No contexto mais contemporâneo das discussões sobre as mudanças climáticas, são apresentados outros termos para a discussão sobre a sustentabilidade: perigo, risco, vulnerabilidade, mitigação, adaptação e resiliência. Vulnerabilidade é vista como o outro lado da sustentabilidade (o aumento da primeira implica a diminuição da segunda).
- Em face de perigos ou danos, mitigação e adaptação são ações para o ajustamento e a retomada da sustentabilidade. Sociedades vulneráveis são aquelas mais suscetíveis aos perigos e às incertezas; sociedades sustentáveis são as que conseguem lidar com certo grau de incerteza e insegurança, implementando ações que tendem a garantir sua estabilidade ao longo do tempo. A resiliência da sociedade e do ambiente, a um só tempo, aparece como um requisito para a sustentabilidade.

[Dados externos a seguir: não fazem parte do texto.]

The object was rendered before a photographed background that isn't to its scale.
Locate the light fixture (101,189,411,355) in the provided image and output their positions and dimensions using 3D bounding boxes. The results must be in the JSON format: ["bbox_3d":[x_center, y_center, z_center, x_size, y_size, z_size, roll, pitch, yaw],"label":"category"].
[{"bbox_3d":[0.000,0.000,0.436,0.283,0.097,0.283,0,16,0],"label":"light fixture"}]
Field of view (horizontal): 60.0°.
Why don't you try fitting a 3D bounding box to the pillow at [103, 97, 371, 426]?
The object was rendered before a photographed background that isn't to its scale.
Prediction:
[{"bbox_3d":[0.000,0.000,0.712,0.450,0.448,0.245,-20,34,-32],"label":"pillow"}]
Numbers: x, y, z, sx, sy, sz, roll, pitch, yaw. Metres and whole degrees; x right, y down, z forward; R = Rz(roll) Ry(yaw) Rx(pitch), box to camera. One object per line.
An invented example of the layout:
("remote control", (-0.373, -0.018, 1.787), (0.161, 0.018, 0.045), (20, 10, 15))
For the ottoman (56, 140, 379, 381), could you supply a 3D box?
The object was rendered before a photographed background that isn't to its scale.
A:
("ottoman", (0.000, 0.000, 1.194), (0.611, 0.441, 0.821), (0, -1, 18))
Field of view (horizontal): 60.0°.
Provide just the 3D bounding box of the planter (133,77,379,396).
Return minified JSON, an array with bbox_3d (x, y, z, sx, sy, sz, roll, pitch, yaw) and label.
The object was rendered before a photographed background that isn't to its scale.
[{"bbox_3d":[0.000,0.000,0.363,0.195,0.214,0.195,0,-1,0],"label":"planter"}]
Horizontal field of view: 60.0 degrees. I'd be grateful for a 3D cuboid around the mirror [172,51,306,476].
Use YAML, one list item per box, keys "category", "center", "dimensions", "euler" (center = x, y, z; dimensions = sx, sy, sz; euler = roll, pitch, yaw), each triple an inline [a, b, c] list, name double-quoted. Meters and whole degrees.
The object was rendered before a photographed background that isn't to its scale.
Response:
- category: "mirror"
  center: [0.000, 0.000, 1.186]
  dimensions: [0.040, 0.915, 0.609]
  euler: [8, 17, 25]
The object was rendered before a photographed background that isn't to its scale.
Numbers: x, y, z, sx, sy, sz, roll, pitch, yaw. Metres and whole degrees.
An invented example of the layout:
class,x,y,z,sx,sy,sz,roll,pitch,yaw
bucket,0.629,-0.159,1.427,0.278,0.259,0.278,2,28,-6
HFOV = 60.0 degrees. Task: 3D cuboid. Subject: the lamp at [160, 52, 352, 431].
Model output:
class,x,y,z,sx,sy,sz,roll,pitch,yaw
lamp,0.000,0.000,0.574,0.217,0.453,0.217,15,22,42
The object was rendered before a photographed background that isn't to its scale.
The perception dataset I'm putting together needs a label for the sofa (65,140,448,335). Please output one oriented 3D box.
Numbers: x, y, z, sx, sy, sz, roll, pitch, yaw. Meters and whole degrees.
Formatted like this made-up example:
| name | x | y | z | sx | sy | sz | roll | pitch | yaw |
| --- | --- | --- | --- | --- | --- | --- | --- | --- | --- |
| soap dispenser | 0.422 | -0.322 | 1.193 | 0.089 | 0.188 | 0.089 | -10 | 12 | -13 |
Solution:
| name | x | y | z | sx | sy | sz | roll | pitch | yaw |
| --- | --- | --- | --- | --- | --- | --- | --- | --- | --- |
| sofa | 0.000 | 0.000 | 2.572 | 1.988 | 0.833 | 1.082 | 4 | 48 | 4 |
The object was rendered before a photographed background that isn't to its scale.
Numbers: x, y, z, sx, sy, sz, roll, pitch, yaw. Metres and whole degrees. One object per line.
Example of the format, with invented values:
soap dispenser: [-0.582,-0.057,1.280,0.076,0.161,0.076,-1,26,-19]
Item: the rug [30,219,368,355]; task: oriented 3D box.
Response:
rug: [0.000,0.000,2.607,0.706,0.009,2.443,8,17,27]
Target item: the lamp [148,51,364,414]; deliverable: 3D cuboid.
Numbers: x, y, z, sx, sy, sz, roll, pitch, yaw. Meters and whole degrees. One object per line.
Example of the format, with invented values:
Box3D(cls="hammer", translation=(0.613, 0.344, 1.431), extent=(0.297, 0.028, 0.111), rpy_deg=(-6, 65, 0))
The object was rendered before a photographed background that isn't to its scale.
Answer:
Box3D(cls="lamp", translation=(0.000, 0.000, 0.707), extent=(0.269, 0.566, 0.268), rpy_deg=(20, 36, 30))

Assim como nos capítulos anteriores, a composição de temas e abordagens demográficas aos da ecologia humana e da geografia, por exemplo, é uma marca importante no texto, tornando impossível pensar a sustentabilidade sem refletir sobre o mundo em que vivemos e colocando o campo de População e Ambiente na fronteira do interdisciplinar, do transdisciplinar, como se deveria esperar. Porém, é lançado aos demógrafos um desafio:
- Já está na hora de assumirmos uma demografia ambiental, que contribua de forma sistemática para a compreensão e construção de um mundo sustentável. Esse é um esforço coletivo para o futuro que agrega à reflexão ambiental um olhar propriamente demográfico... (p. 96)
Ainda que não enveredem pela discussão epistemológica, os autores tocam em um sensível e virtualmente paradoxal problema de definição de campos. Assumir uma Demografia Ambiental na qual, infiro, ambiente não se confunda com natureza (ou meio), mas sim evoque a reflexão mais abrangente sobre o espaço, requer que seja dado um passo adiante, a partir da experiência dos estudos de População e Ambiente.
- Porém, População e Ambiente pode ser visto como um campo que, ao se projetar para além dos limites da Demografia, não se caracteriza como propriamente demográfico, apesar de basear-se no estudo dos componentes da dinâmica demográfica. O clamado olhar demográfico bastaria para constituir a especificidade da Demografia Ambiental?